**PROVIDED RECORDS**
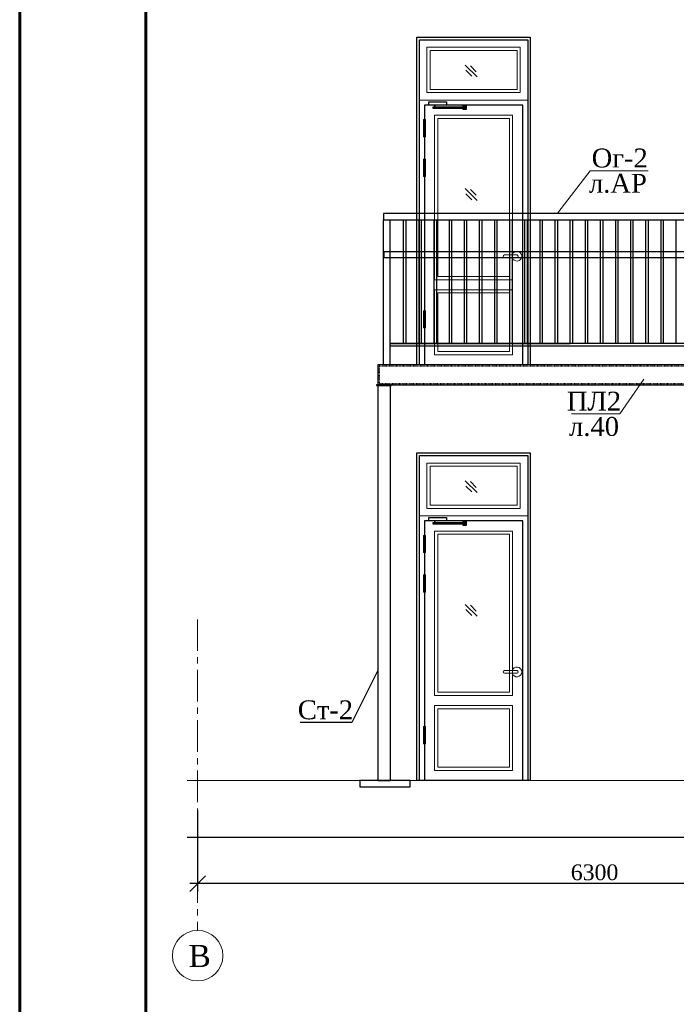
# Model space of a CAD drawing. Header units: millimetres. Extents: x 2063114 to 14983986, y -126020516 to 213791.
# Tile 209 of 256: x 2320392 to 2330814, y -1354596 to -1338965. Entities that reach past the tile are written whole.
import ezdxf

# ---------------------------------------------------------------- set-up
doc = ezdxf.new("R2010")
doc.units = ezdxf.units.MM
for name, pattern in [('ACAD_ISO03W100', [30, 12, -18]), ('ACAD_ISO04W100', [30, 24, -3, 0, -3]), ('CENTERX2', [4, 2.5, -0.5, 0.5, -0.5])]:
    doc.linetypes.add(name, pattern=pattern)
doc.layers.get('Defpoints').update_dxf_attribs({"color": 6, "lineweight": 35})
for name, color, linetype, lineweight in [('.', 7, 'Continuous', 15), ('АСО-оси', 24, 'CENTERX2', 20), ('АСО-Размеры-цепочки', 7, 'Continuous', 13), ('Фундаменты', 252, 'Continuous', 25)]:
    doc.layers.add(name, color=color, linetype=linetype, lineweight=lineweight)
doc.layers.add('_print', color=6, linetype='Continuous', lineweight=60, plot=False)
doc.layers.add('osi', color=7, linetype='ACAD_ISO04W100', lineweight=13, true_color=0x575757)
doc.layers.add('АСО-Двери+Окна', color=7, linetype='Continuous', lineweight=20, true_color=0x0d21a0)
doc.styles.add('GENERATED_STYLE_5', font='times.ttf')
doc.styles.add('seviyorum', font='times.ttf')
doc.styles.add('TIMES', font='times.ttf')
doc.dimstyles.new('50', dxfattribs={"dimtxt": 250, "dimasz": 250, "dimexe": 125, "dimexo": 125, "dimgap": 50, "dimtad": 1, "dimdec": 0, "dimlfac": 0.5, "dimtxsty": 'GENERATED_STYLE_5', "dimblk": 'OBLIQUE', "dimcen": 250, "dimdle": 125, "dimadec": 0, "dimazin": 0, "dimtfac": 1, "dimtdec": 0, "dimtmove": 0, "dimatfit": 3, "dimldrblk": 'OPEN90', "dimfxl": 1, "dimarcsym": 0})

# ---------------------------------------------------------------- blocks, each defined once
blk = doc.blocks.new('_Oblique')
at = {"color": 0, "linetype": 'ByBlock', "lineweight": -2}
blk.add_line((-0.5, -0.5), (0.5, 0.5), dxfattribs=at)
blk = doc.blocks.new('*D731')
at = {"layer": 'Defpoints', "color": 0, "lineweight": 30, "transparency": 16777216}
for p in [(2323217, -1351396), (2323217, -1352680), (2335817, -1352680)]:
    blk.add_point(p, dxfattribs=at)
at = {"layer": 'АСО-Размеры-цепочки', "color": 0, "lineweight": -2, "transparency": 16777216}
for p, q in [((2323217, -1351521), (2323217, -1352805)), ((2335942, -1352680), (2323092, -1352680))]:
    blk.add_line(p, q, dxfattribs=at)
at = {"layer": 'АСО-Размеры-цепочки', "color": 0, "lineweight": -2, "transparency": 16777216, "xscale": 250, "yscale": 250, "zscale": 250, "rotation": 180}
blk.add_blockref('_Oblique', (2323217, -1352680), dxfattribs=at)
at = {"layer": 'АСО-Размеры-цепочки', "color": 0, "lineweight": -2, "transparency": 16777216, "xscale": 250, "yscale": 250, "zscale": 250}
blk.add_blockref('_Oblique', (2335817, -1352680), dxfattribs=at)
at = {"layer": 'АСО-Размеры-цепочки', "color": 0, "transparency": 16777216, "insert": (2329517, -1352503), "char_height": 250, "attachment_point": 5, "style": 'GENERATED_STYLE_5'}
blk.add_mtext('6300', dxfattribs=at)
blk = doc.blocks.new('_Open90')
at = {"color": 0, "linetype": 'ByBlock', "lineweight": -2}
for p, q in [((0, 0), (-1, 0)), ((-0.5, 0.5), (0, 0)), ((0, 0), (-0.5, -0.5))]:
    blk.add_line(p, q, dxfattribs=at)
blk = doc.blocks.new('fghfgg')
at = {"layer": '.', "color": 0, "lineweight": 25, "ltscale": 100}
for points in [[(4630207, -1135953), (4628407, -1135953), (4628407, -1141153), (4630207, -1141153)], [(4630167, -1135993), (4628447, -1135993), (4628447, -1141153), (4630167, -1141153)], [(4630017, -1136980), (4629736, -1136980), (4629736, -1137033), (4630017, -1137033)], [(4629951, -1137057), (4629442, -1137057), (4629442, -1137085), (4629951, -1137085)], [(4629928, -1137057), (4629915, -1137057), (4629915, -1137033), (4629928, -1137033)]]:
    blk.add_lwpolyline(points, close=True, dxfattribs=at)
for points in [[(4628527, -1141153), (4628527, -1137033), (4630087, -1137033), (4630087, -1141153)], [(4629474, -1137057), (4629474, -1137042), (4629423, -1137042), (4629423, -1137103), (4629474, -1137103), (4629474, -1137085)]]:
    blk.add_lwpolyline(points, dxfattribs=at)
at = {"layer": 'АСО-Двери+Окна', "color": 0, "lineweight": 20}
blk.add_line((4628447, -1136953), (4628447, -1141153), dxfattribs=at)
for points in [[(4628447, -1135993), (4630167, -1135993), (4630167, -1136953), (4628447, -1136953)], [(4628567, -1136113), (4630047, -1136113), (4630047, -1136833), (4628567, -1136833)], [(4628617, -1136163), (4629997, -1136163), (4629997, -1136783), (4628617, -1136783)], [(4629927, -1137193), (4628687, -1137193), (4628687, -1139803), (4629927, -1139803)], [(4629877, -1137243), (4628737, -1137243), (4628737, -1139753), (4629877, -1139753)], [(4630073, -1137261), (4630101, -1137261), (4630101, -1137535), (4630073, -1137535)], [(4630073, -1137890), (4630101, -1137890), (4630101, -1138164), (4630073, -1138164)], [(4629927, -1139963), (4628687, -1139963), (4628687, -1140993), (4629927, -1140993)], [(4629877, -1140013), (4628737, -1140013), (4628737, -1140943), (4629877, -1140943)], [(4630073, -1140295), (4630101, -1140295), (4630101, -1140569), (4630073, -1140569)]]:
    blk.add_lwpolyline(points, close=True, dxfattribs=at)
at = {"layer": 'АСО-Двери+Окна', "color": 0, "ltscale": 100}
for points in [[(4629253, -1136583), (4629441, -1136395)], [(4629264, -1136501), (4629358, -1136407)], [(4629335, -1136571), (4629429, -1136478)], [(4629253, -1138545), (4629441, -1138357)], [(4629264, -1138463), (4629358, -1138369)], [(4629335, -1138533), (4629429, -1138439)]]:
    blk.add_lwpolyline(points, dxfattribs=at)
at = {"layer": 'АСО-Двери+Окна', "color": 0, "lineweight": 20}
blk.add_lwpolyline([(4628819, -1139409), (4628617, -1139409, 0.887144), (4628617, -1139449), (4628819, -1139449, 0.875108)], format="xyb", close=True, dxfattribs=at)
blk.add_arc((4628619, -1139429), 77.8, 14.8929, 345.1071, dxfattribs=at)
blk = doc.blocks.new('*U1590')
at = {"color": 0, "ltscale": 25}
blk.add_lwpolyline([(-59400, 42000), (0, 42000), (0, 0), (-59400, 0)], close=True, dxfattribs=at)
at = {"color": 0, "lineweight": 60, "ltscale": 25}
blk.add_lwpolyline([(-57400, 41500), (-500, 41500), (-500, 500), (-57400, 500)], close=True, dxfattribs=at)

msp = doc.modelspace()

# ---------------------------------------------------------------- linework, layer by layer
at = {"color": 252, "lineweight": 25}
for p, q in [((2326486.13781, -1344103.52815), (2326486.13781, -1342143.52815)), ((2326526.13781, -1344103.52815), (2326526.13781, -1342143.52815)), ((2326732.13781, -1344103.52815), (2326732.13781, -1342143.52815)), ((2326772.13781, -1344103.52815), (2326772.13781, -1342143.52815)), ((2326972.13781, -1344103.52815), (2326972.13781, -1342143.52815)), ((2327012.13781, -1344103.52815), (2327012.13781, -1342143.52815)), ((2327212.13781, -1344103.52815), (2327212.13781, -1342143.52815)), ((2327252.13781, -1344103.52815), (2327252.13781, -1342143.52815)), ((2327452.13781, -1344103.52815), (2327452.13781, -1342143.52815)), ((2327492.13781, -1344103.52815), (2327492.13781, -1342143.52815)), ((2327692.13781, -1344103.52815), (2327692.13781, -1342143.52815)), ((2327732.13781, -1344103.52815), (2327732.13781, -1342143.52815)), ((2327932.13781, -1344103.52815), (2327932.13781, -1342143.52815)), ((2327972.13781, -1344103.52815), (2327972.13781, -1342143.52815)), ((2328172.13781, -1344103.52815), (2328172.13781, -1342143.52815)), ((2328212.13781, -1344103.52815), (2328212.13781, -1342143.52815)), ((2328412.13781, -1344103.52815), (2328412.13781, -1342143.52815)), ((2328452.13781, -1344103.52815), (2328452.13781, -1342143.52815)), ((2328652.13781, -1344103.52815), (2328652.13781, -1342143.52815)), ((2328692.13781, -1344103.52815), (2328692.13781, -1342143.52815)), ((2328892.13781, -1344103.52815), (2328892.13781, -1342143.52815)), ((2328932.13781, -1344103.52815), (2328932.13781, -1342143.52815)), ((2329132.13781, -1344103.52815), (2329132.13781, -1342143.52815)), ((2329172.13781, -1344103.52815), (2329172.13781, -1342143.52815)), ((2329372.13781, -1344103.52815), (2329372.13781, -1342143.52815)), ((2329412.13781, -1344103.52815), (2329412.13781, -1342143.52815)), ((2329612.13781, -1344103.52815), (2329612.13781, -1342143.52815)), ((2329652.13781, -1344103.52815), (2329652.13781, -1342143.52815)), ((2329852.13781, -1344103.52815), (2329852.13781, -1342143.52815)), ((2329892.13781, -1344103.52815), (2329892.13781, -1342143.52815)), ((2330092.13781, -1344103.52815), (2330092.13781, -1342143.52815)), ((2330132.13781, -1344103.52815), (2330132.13781, -1342143.52815)), ((2330332.13781, -1344103.52815), (2330332.13781, -1342143.52815)), ((2330372.13781, -1344103.52815), (2330372.13781, -1342143.52815)), ((2330572.13781, -1344103.52815), (2330572.13781, -1342143.52815)), ((2330612.13781, -1344103.52815), (2330612.13781, -1342143.52815)), ((2330812.13781, -1344103.52815), (2330812.13781, -1342143.52815)), ((2326276.13781, -1344103.52815), (2329132.13781, -1344103.52815)), ((2326276.13781, -1344143.52815), (2332974.78658, -1344143.52815))]:
    msp.add_line(p, q, dxfattribs=at)
msp.add_line((2333116.78658, -1344443.52815), (2326076.13781, -1344443.52815))
at = {"lineweight": 25}
for points in [[(2326168.13781, -1342143.52815), (2332974.78658, -1342143.52815), (2332974.78658, -1344443.52815), (2333074.78658, -1344443.52815), (2333074.78658, -1342043.52815), (2326168.13781, -1342043.52815), (2326168.13781, -1342143.52815)], [(2332974.78658, -1342743.52815), (2326176.13781, -1342743.52815), (2326176.13781, -1342643.52815), (2332974.78658, -1342643.52815)]]:
    msp.add_lwpolyline(points, dxfattribs=at)
msp.add_lwpolyline([(2326268.13781, -1344443.52815), (2326168.13781, -1344443.52815), (2326168.13781, -1342143.52815), (2326268.13781, -1342143.52815)], close=True, dxfattribs=at)
at = {"color": 252, "lineweight": 25}
msp.add_lwpolyline([(2332974.78658, -1344103.52815), (2326276.13781, -1344103.52815)], dxfattribs=at)
at = {"lineweight": 30}
for points in [[(2333116.78658, -1344443.52815), (2326076.13781, -1344443.52815), (2326076.13781, -1344763.52815), (2333116.78658, -1344763.52815)], [(2326276.13781, -1344773.52815), (2326076.13781, -1344773.52815), (2326076.13781, -1351043.52815), (2326276.13781, -1351043.52815)], [(2326589.87833, -1351043.52815), (2325789.87833, -1351043.52815), (2325789.87832, -1351143.52815), (2326589.87832, -1351143.52815)]]:
    msp.add_lwpolyline(points, close=True, dxfattribs=at)
at = {"linetype": 'ACAD_ISO03W100', "ltscale": 0.1}
msp.add_lwpolyline([(2333096.78658, -1344463.52815), (2326096.13781, -1344463.52815), (2326096.13781, -1344743.52815), (2333096.78658, -1344743.52815)], close=True, dxfattribs=at)
at = {"color": 0, "linetype": 'ByBlock', "lineweight": 18}
msp.add_lwpolyline([(2330298.39385, -1344671.03033), (2329918.56533, -1345223.20992), (2329151.17791, -1345223.20992)], dxfattribs=at)
msp.add_lwpolyline([(2326296.13781, -1344763.52815), (2326056.13781, -1344763.52815), (2326056.13781, -1344773.52815), (2326296.13781, -1344773.52815)], close=True)
msp.add_lwpolyline([(2326079.38753, -1349298.81872), (2325666.56321, -1350123.42861), (2324841.4215, -1350123.42861)])
at = {"lineweight": 15}
msp.add_lwpolyline([(2323051.07416, -1351043.52815), (2350226.80808, -1351043.52815)], dxfattribs=at)
at = {"lineweight": 30}
msp.add_lwpolyline([(2323051.07416, -1351943.52815), (2350226.80808, -1351943.52815)], dxfattribs=at)
at = {"layer": '_print', "ltscale": 100}
msp.add_lwpolyline([(2379792.08613, -1369001.43901), (2320392.08613, -1369001.43901), (2320392.08613, -1327001.43901), (2379792.08613, -1327001.43901)], close=True, dxfattribs=at)
at = {"layer": 'osi', "color": 0, "linetype": 'ByBlock', "ltscale": 5}
msp.add_circle((2323216.78658, -1353824.51312), 400, dxfattribs=at)
at = {"layer": 'АСО-оси', "color": 1, "lineweight": 15, "ltscale": 200}
msp.add_line((2323216.78658, -1348487.09703), (2323216.78658, -1353424.51312), dxfattribs=at)
at = {"layer": 'Фундаменты', "color": 7, "linetype": 'Continuous', "lineweight": 20}
msp.add_lwpolyline([(2328932.13781, -1342033.84118), (2329447.54011, -1341363.42185), (2330366.24068, -1341363.42185)], dxfattribs=at)

# ---------------------------------------------------------------- block references
msp.add_blockref('*U1590', (2379792.08613, -1369001.43901))
at = {"lineweight": 60, "xscale": -1}
for p in [(6956904.02198, -203290.60802), (6956904.02198, -209890.60802)]:
    msp.add_blockref('fghfgg', p, dxfattribs=at)

# ---------------------------------------------------------------- texts
at = {"color": 0, "lineweight": 25, "style": 'TIMES'}
for s, p in [('л.АР', (2329428.51141, -1341712.6561)), ('л.40', (2329112.30991, -1345572.44417))]:
    msp.add_text(s, height=300, dxfattribs=at).set_placement(p)
at = {"color": 0, "lineweight": 25, "char_height": 300, "attachment_point": 5, "style": 'TIMES'}
for s, insert in [('Ог-2', (2329916.75126, -1341163.42185)), ('ПЛ2', (2329507.83503, -1345023.20992)), ('Ст-2', (2325245.06233, -1349923.44714))]:
    msp.add_mtext(s, dxfattribs=dict(at, insert=insert))
at = {"layer": 'osi', "color": 0, "linetype": 'ByBlock', "ltscale": 5, "style": 'seviyorum'}
msp.add_text('В', height=350, rotation=0.38648597, dxfattribs=at).set_placement((2323073.74636, -1354005.20742))

# ---------------------------------------------------------------- dimensions: what is measured, and where the dimension line sits
at = {"layer": 'АСО-Размеры-цепочки'}
dim = msp.add_linear_dim(base=(2323216.78658, -1352680.29062), p1=(2335816.78658, -1352680.29062), p2=(2323216.78658, -1351396.31951), angle=180, dimstyle='50', dxfattribs=at)
dim.commit()
dim.dimension.update_dxf_attribs({"geometry": '*D731', "text_midpoint": (2329516.78658, -1352503.12768)})

doc.saveas('drawing.dxf')

**EXERCISE AIM**
What this exercise asks for is every line of the data above with the word "xscale".

**SOLUTION TO THIS PROBLEM**
at = {"layer": 'АСО-Размеры-цепочки', "color": 0, "lineweight": -2, "transparency": 16777216, "xscale": 250, "yscale": 250, "zscale": 250, "rotation": 180}
at = {"layer": 'АСО-Размеры-цепочки', "color": 0, "lineweight": -2, "transparency": 16777216, "xscale": 250, "yscale": 250, "zscale": 250}
at = {"lineweight": 60, "xscale": -1}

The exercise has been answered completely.